(节点)警告:检测到可能的EventEmitter内存泄漏

时间:2013-09-16 01:33:08

标签: javascript node.js memory-leaks web-scraping cheerio

我写了一个基于cheerio.js和request.js的小刮刀脚本来获取预订机构网站的联系信息(URL和电子邮件)。虽然它确实运行并返回我需要的所有信息,但是在运行它时连续5次收到以下警告:

(node) warning: possible EventEmitter memory leak detected. 11 listeners added. Use emitter.setMaxListeners() to increase limit.
Trace
    at Socket.EventEmitter.addListener (events.js:160:15)
    at Socket.Readable.on (_stream_readable.js:689:33)
    at Socket.EventEmitter.once (events.js:179:8)
    at Request.onResponse (/home/max/Desktop/scraping/node_modules/request/request.js:625:25)
    at ClientRequest.g (events.js:175:14)
    at ClientRequest.EventEmitter.emit (events.js:95:17)
    at HTTPParser.parserOnIncomingClient [as onIncoming] (http.js:1689:21)
    at HTTPParser.parserOnHeadersComplete [as onHeadersComplete] (http.js:120:23)
    at Socket.socketOnData [as ondata] (http.js:1584:20)
    at TCP.onread (net.js:525:27)

我的直觉告诉我,我可能会收到此警告,因为我在另一个请求中嵌套了请求。我不确定,但我知道的是,当调用位于getArtistInfo()函数的cheerio.js .each()循环中的嵌套请求时,警告会立即出现。 (看下面的代码,看看我的意思)

以下是我的刮刀的代码:

var request = require('request');
var cheerio = require('cheerio');

var url = 'http://www.primarytalent.com/';

var getManyArtistsInfo = function(url){
  request(url, (function(){
    return function(err, resp, body) {
      if(err)
        throw err;
      $ = cheerio.load(body);

      // TODO: scraping goes here
      $('#rosterlists div li a').each(function(){
          var urlCap = this[0]['attribs']['href'].slice(1);
          var artistURL = url.concat(urlCap);
          console.log(artistURL);

          getArtistInfo(artistURL);
      });
    }
  })());
}

var getArtistInfo = function(artistURL){
  request(artistURL, (function(){
    return function(err, resp, body) {
      if(err)
        throw err;
      $ = cheerio.load(body);

      console.log("NOW SCRAPING artist's PAGE")

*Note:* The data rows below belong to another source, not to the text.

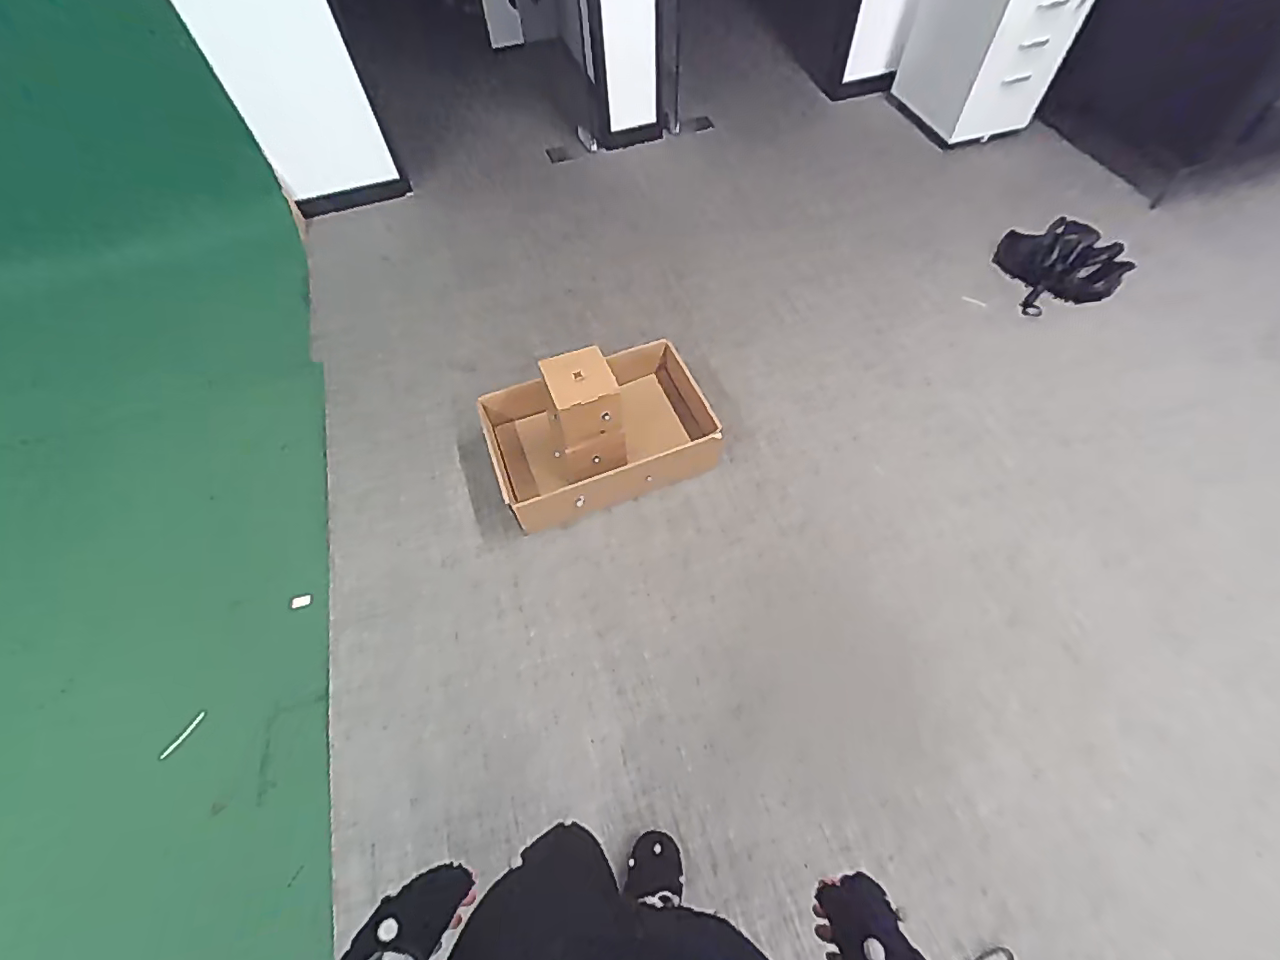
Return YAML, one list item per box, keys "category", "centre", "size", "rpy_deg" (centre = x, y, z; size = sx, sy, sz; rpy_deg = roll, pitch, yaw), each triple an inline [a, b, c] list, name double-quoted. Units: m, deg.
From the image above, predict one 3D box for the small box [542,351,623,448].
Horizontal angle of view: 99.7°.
- category: "small box"
  centre: [-0.147, -0.205, 1.430]
  size: [0.168, 0.176, 0.179]
  rpy_deg: [-18, 57, -12]

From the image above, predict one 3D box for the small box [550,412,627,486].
- category: "small box"
  centre: [-0.143, -0.111, 1.560]
  size: [0.179, 0.176, 0.168]
  rpy_deg: [-21, 59, -10]

      var artistName = "";
      $('#content #col3-1 h1').each(function(){
        artistName = this.text();
        console.log(artistName);
      });
      $('#content #col3-1 #links li a').each(function(){
        var socialURL = this.attr('href');
        var siteURL = "";
        var facebookURL = "";
        var twitterURL = "";
        var soundcloudURL = "";
        var bandcampURL = "";
        var myspaceURL = "";

        switch(socialURL) {
          case socialURL.indexOf("facebook"):
            facebookURL = socialURL;
            console.log(facebookURL);
            break;
          case socialURL.indexOf("twitter"):
            twitterURL = socialURL;
            console.log(twitterURL);
            break;
          case socialURL.indexOf("soundcloud"):
            soundcloudURL = socialURL;
            console.log(soundcloudURL);
            break;
          case socialURL.indexOf("bandcamp"):
            bandcampURL = socialURL;
            console.log(bandcampURL);
            break;
          case socialURL.indexOf("myspace"):
            myspaceURL = socialURL;
            console.log(myspaceURL);
            break;
          default: 
            siteURL = socialURL;
            console.log(siteURL)
        }
      });

      // get agentURL
      $('#content #col3-1 .contacts li a').each(function(){
        var agentURL = url + this.attr('href').slice(1);
        console.log("Agent url is : " + agentURL);

        request(agentURL, artistName, (function(){
          return function(err, resp, body) {
            if(err)
              throw err;
            $ = cheerio.load(body);

            console.log("NOW SCRAPING AGENT'S PAGE")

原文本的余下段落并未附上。